Medicines to review before anaesthesia
High-impact categories
1) Anticoagulants / “blood thinners”
These drugs reduce clotting and can increase bleeding risk during surgery. They are particularly important when planning neuraxial anaesthesia (spinal/epidural) or deep plexus blocks, because a spinal/epidural hematoma—while rare—can be catastrophic.
- Warfarin (INR-based management; sometimes bridging)
- DOACs (apixaban, rivaroxaban, edoxaban, dabigatran): often held for a period (commonly ~72h for several DOACs; longer for dabigatran with renal impairment) when neuraxial techniques are planned
- Antiplatelets (aspirin, clopidogrel, prasugrel, ticagrelor): vary by stent history and surgical bleeding risk
Regional/neuraxial anticoagulation guidance is detailed and situation-specific; see clinician guidelines such as ASRA recommendations.
2) Diabetes medicines: SGLT2 inhibitors
SGLT2 inhibitors can increase risk of euglycemic diabetic ketoacidosis (eDKA) around surgery, especially with fasting or illness. Multiple guidance documents recommend stopping most SGLT2 inhibitors about 3 days before scheduled surgery (and 4 days for ertugliflozin).
3) GLP‑1 receptor agonists
GLP‑1 drugs may delay gastric emptying and raise aspiration concern under anaesthesia/deep sedation. Guidance has evolved toward individualized risk assessment, with some patients able to continue. Inform your anaesthesia team early, especially if you have GI symptoms.
4) Blood pressure medicines
- Beta blockers: usually continued (stopping abruptly can be harmful)

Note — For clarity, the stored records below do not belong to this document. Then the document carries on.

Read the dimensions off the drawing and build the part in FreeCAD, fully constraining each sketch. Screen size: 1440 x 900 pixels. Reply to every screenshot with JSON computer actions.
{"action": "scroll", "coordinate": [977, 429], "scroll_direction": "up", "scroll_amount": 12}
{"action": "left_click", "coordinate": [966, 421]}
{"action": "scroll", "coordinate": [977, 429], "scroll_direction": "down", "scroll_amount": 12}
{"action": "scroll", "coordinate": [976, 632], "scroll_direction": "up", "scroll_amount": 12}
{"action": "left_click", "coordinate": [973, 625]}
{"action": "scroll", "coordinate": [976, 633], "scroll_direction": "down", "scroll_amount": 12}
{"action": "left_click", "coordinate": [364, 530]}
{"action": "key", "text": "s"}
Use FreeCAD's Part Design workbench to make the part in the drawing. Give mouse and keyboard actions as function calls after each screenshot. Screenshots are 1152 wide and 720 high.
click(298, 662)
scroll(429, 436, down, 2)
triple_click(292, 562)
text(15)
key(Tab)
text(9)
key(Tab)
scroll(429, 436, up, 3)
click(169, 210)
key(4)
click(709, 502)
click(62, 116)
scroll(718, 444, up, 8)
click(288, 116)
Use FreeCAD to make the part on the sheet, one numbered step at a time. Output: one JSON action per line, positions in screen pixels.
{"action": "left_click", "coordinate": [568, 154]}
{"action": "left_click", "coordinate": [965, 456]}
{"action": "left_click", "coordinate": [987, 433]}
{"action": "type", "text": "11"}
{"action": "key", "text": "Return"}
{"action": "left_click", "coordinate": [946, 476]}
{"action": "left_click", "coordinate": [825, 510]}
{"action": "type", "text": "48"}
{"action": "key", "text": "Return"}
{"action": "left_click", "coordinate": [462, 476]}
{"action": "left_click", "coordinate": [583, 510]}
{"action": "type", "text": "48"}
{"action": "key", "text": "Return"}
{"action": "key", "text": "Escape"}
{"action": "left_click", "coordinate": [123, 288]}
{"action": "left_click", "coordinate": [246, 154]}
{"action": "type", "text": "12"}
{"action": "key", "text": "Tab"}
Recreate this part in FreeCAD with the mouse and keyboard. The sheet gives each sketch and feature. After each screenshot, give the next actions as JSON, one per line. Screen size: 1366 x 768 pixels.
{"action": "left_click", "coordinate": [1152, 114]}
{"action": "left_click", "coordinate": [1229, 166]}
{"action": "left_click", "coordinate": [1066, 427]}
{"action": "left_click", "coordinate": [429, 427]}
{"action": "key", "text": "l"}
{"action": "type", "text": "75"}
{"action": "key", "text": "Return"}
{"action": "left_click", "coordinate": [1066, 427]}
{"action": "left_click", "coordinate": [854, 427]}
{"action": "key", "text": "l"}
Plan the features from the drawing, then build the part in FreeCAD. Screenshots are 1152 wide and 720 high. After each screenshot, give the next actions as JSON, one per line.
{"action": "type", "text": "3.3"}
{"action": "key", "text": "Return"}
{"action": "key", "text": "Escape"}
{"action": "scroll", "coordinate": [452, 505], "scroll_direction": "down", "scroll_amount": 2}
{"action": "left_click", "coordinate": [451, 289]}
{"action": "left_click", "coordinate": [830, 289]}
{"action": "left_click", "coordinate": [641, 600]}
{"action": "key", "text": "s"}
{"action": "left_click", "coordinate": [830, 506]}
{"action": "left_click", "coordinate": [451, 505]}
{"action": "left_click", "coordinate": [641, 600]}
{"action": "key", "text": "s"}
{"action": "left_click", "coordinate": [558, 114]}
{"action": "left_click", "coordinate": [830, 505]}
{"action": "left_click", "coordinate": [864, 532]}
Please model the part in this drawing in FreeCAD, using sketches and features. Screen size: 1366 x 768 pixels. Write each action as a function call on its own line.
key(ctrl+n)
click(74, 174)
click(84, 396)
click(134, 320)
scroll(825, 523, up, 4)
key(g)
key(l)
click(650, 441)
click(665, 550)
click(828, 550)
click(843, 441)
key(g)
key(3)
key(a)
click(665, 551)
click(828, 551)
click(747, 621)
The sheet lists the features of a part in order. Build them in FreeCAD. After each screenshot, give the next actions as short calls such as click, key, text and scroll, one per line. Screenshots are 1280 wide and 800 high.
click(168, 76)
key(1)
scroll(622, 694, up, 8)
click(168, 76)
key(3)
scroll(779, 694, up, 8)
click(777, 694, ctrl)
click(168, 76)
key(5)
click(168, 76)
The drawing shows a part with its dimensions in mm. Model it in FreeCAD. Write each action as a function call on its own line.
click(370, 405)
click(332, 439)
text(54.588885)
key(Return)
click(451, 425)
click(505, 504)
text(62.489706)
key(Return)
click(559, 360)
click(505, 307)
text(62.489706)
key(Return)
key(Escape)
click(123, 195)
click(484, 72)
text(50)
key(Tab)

- ACE inhibitors/ARBs: practice varies; some teams hold on the morning of surgery due to hypotension risk
- Diuretics: may be adjusted depending on dehydration risk
5) Statins and most chronic cardiac medicines
Statins and most long-term cardiac drugs are commonly continued unless your clinician advises otherwise.
6) Opioids, sedatives, alcohol, and recreational drugs
- Chronic opioid use increases postoperative pain needs and respiratory depression risk (especially with OSA/obesity/older age).
- Benzodiazepines and alcohol can interact with sedatives; withdrawal risk is also relevant.
- Stimulants and illicit drugs can increase arrhythmia and blood pressure volatility.